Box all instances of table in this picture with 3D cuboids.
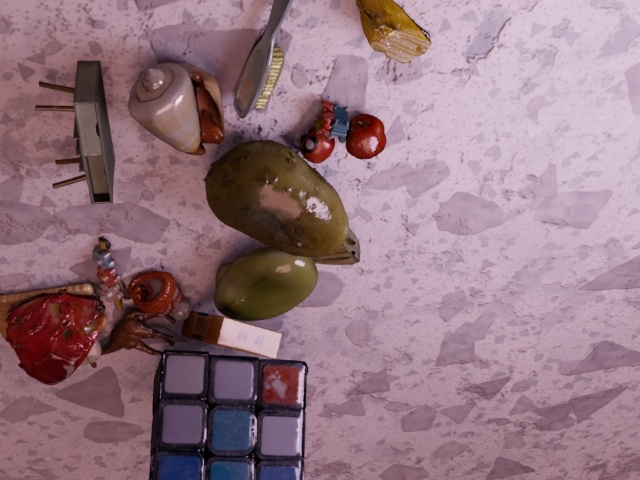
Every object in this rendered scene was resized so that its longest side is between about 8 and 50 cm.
[{"bbox_3d":[-0.443,-0.192,1.589,0.111,0.122,0.240,-3,137,-8],"label":"table"}]

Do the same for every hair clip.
[{"bbox_3d":[-0.467,0.082,1.931,0.062,0.056,0.214,17,143,21],"label":"hair clip"}]

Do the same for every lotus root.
[{"bbox_3d":[0.000,-0.004,1.903,0.144,0.070,0.143,-9,143,22],"label":"lotus root"}]

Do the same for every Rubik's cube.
[{"bbox_3d":[-0.229,0.469,2.094,0.358,0.362,0.363,1,162,-10],"label":"Rubik's cube"}]

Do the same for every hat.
[{"bbox_3d":[-0.353,0.135,2.000,0.112,0.094,0.162,-14,156,20],"label":"hat"}]

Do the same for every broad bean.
[{"bbox_3d":[-0.121,0.097,1.916,0.263,0.121,0.189,-24,131,40],"label":"broad bean"}]

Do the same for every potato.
[{"bbox_3d":[-0.077,-0.080,1.719,0.307,0.173,0.210,32,128,-25],"label":"potato"}]

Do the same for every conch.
[{"bbox_3d":[-0.263,-0.245,1.588,0.158,0.127,0.255,-39,161,-10],"label":"conch"}]

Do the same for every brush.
[{"bbox_3d":[-0.081,-0.340,1.544,0.060,0.068,0.297,-5,139,-33],"label":"brush"}]

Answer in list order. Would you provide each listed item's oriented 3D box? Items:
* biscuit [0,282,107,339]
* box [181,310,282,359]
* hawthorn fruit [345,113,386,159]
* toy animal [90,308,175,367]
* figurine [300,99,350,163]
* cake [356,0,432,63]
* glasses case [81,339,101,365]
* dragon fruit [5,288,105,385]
[{"bbox_3d":[-0.628,0.164,2.007,0.249,0.030,0.160,-9,138,0],"label":"biscuit"},{"bbox_3d":[-0.209,0.216,2.011,0.152,0.070,0.237,18,173,-26],"label":"box"},{"bbox_3d":[0.085,-0.204,1.698,0.093,0.093,0.093,-5,137,-4],"label":"hawthorn fruit"},{"bbox_3d":[-0.464,0.243,2.094,0.229,0.066,0.224,10,131,-3],"label":"toy animal"},{"bbox_3d":[0.008,-0.205,1.697,0.075,0.068,0.140,9,141,-22],"label":"figurine"},{"bbox_3d":[0.114,-0.384,1.543,0.079,0.116,0.184,-38,162,33],"label":"cake"},{"bbox_3d":[-0.619,0.266,2.083,0.204,0.051,0.081,-12,110,15],"label":"glasses case"},{"bbox_3d":[-0.596,0.218,1.947,0.261,0.189,0.163,-38,155,19],"label":"dragon fruit"}]
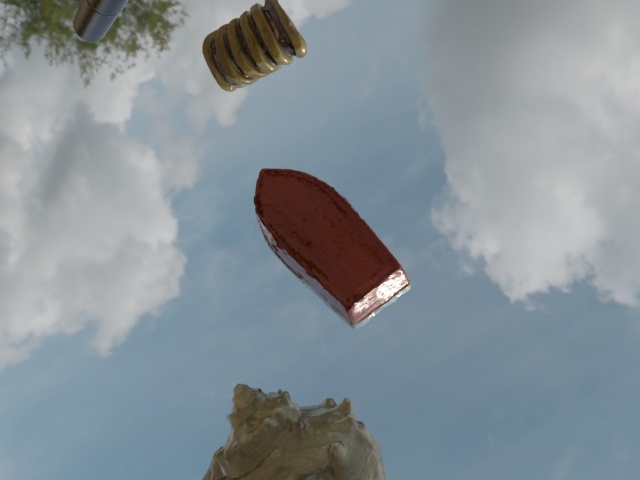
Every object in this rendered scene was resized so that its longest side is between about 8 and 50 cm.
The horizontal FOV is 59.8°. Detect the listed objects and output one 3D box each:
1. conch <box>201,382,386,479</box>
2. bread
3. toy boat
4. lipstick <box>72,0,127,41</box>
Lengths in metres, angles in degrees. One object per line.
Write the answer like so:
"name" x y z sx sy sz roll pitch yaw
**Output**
"conch" -0.045 0.310 0.562 0.263 0.186 0.324 -29 -115 17
"bread" -0.138 -0.393 1.122 0.225 0.081 0.134 -18 -79 35
"toy boat" 0.000 0.000 0.905 0.145 0.133 0.332 -37 -121 -9
"lipstick" -0.291 -0.360 0.781 0.357 0.057 0.057 -2 -113 58
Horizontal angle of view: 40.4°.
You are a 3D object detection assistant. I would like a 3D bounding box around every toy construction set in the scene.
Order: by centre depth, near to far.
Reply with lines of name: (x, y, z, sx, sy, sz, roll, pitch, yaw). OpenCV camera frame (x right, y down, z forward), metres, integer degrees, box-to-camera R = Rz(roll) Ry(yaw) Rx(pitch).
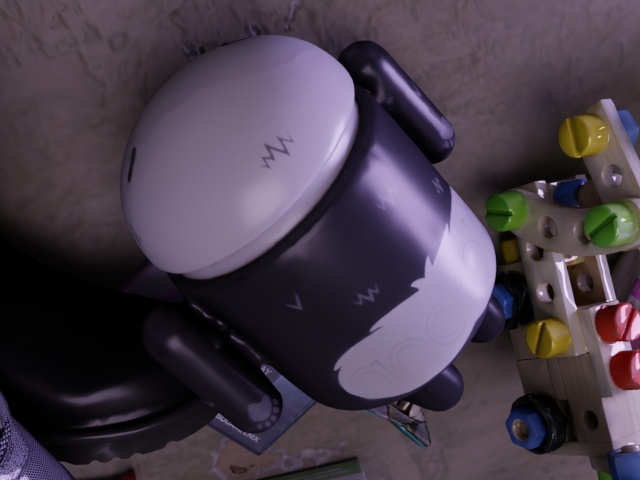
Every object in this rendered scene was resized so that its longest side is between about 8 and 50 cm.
toy construction set: (0.214, 0.069, 0.631, 0.151, 0.215, 0.327, 7, 75, -30)

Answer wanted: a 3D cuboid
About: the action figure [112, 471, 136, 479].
action figure: (-0.287, 0.269, 0.690, 0.281, 0.139, 0.091, -5, 118, -8)

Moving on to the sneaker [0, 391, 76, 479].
sneaker: (-0.199, 0.069, 0.445, 0.153, 0.101, 0.268, -40, 109, 23)

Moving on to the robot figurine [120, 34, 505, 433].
robot figurine: (0.000, -0.002, 0.564, 0.174, 0.209, 0.278, -29, 124, 28)

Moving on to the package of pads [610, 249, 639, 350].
package of pads: (0.388, -0.006, 0.724, 0.229, 0.101, 0.296, 18, 112, -23)

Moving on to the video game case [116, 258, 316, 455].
video game case: (-0.027, 0.035, 0.688, 0.274, 0.026, 0.196, -44, 119, 12)

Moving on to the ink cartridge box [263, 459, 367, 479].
ink cartridge box: (-0.019, 0.298, 0.709, 0.171, 0.235, 0.056, -10, 122, -8)

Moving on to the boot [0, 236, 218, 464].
boot: (-0.221, -0.002, 0.540, 0.348, 0.131, 0.260, 6, 117, -8)

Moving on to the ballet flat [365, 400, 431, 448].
ballet flat: (0.065, 0.145, 0.763, 0.114, 0.041, 0.041, 36, 105, -28)
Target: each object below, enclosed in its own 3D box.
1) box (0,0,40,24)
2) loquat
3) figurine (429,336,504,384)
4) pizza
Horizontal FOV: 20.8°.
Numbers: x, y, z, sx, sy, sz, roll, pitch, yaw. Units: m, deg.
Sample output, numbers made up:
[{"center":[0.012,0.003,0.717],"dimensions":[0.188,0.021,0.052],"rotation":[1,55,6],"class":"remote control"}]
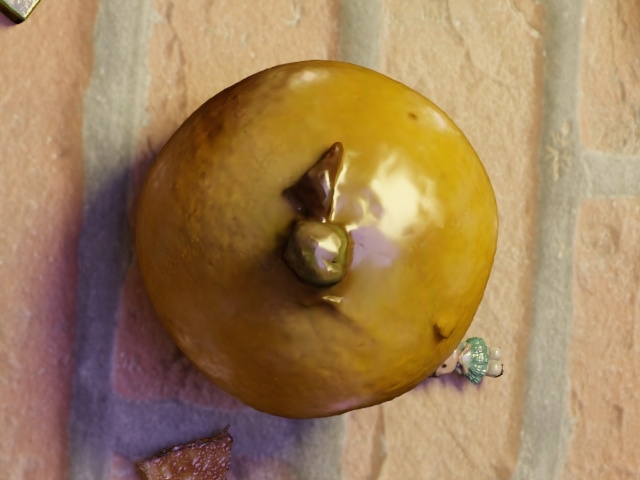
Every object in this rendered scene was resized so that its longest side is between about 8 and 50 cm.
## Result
[{"center":[-0.314,-0.306,1.592],"dimensions":[0.193,0.030,0.121],"rotation":[40,72,-19],"class":"box"},{"center":[0.000,0.000,1.557],"dimensions":[0.328,0.359,0.328],"rotation":[0,94,-2],"class":"loquat"},{"center":[0.138,0.114,1.781],"dimensions":[0.106,0.047,0.060],"rotation":[10,92,-27],"class":"figurine"},{"center":[-0.122,0.236,1.666],"dimensions":[0.100,0.029,0.099],"rotation":[-19,104,-22],"class":"pizza"}]
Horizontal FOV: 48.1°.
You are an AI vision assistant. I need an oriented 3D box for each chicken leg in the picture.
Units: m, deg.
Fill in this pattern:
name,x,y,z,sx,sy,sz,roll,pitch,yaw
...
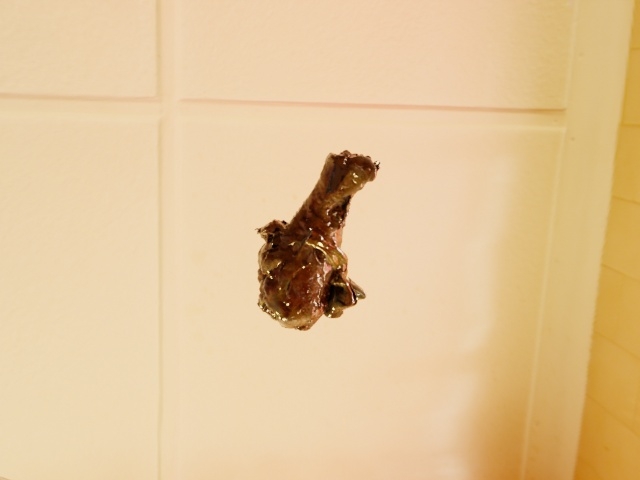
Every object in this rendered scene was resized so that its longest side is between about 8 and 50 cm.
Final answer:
name,x,y,z,sx,sy,sz,roll,pitch,yaw
chicken leg,-0.008,-0.001,0.755,0.125,0.080,0.196,6,-78,1

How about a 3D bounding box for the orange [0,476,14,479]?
name,x,y,z,sx,sy,sz,roll,pitch,yaw
orange,-0.201,0.287,0.333,0.322,0.322,0.356,-11,-63,-7

---*---

■ **EXERCISE INSTRUCTIONS**: Work through the records above. Copy every line with the string "listed".

■ **TASK ANSWER**:
Answer in list order. Would you provide each listed item's oriented 3D box? Items:
The horizontal FOV is 59.8°. Detect the listed objects and output one 3D box each:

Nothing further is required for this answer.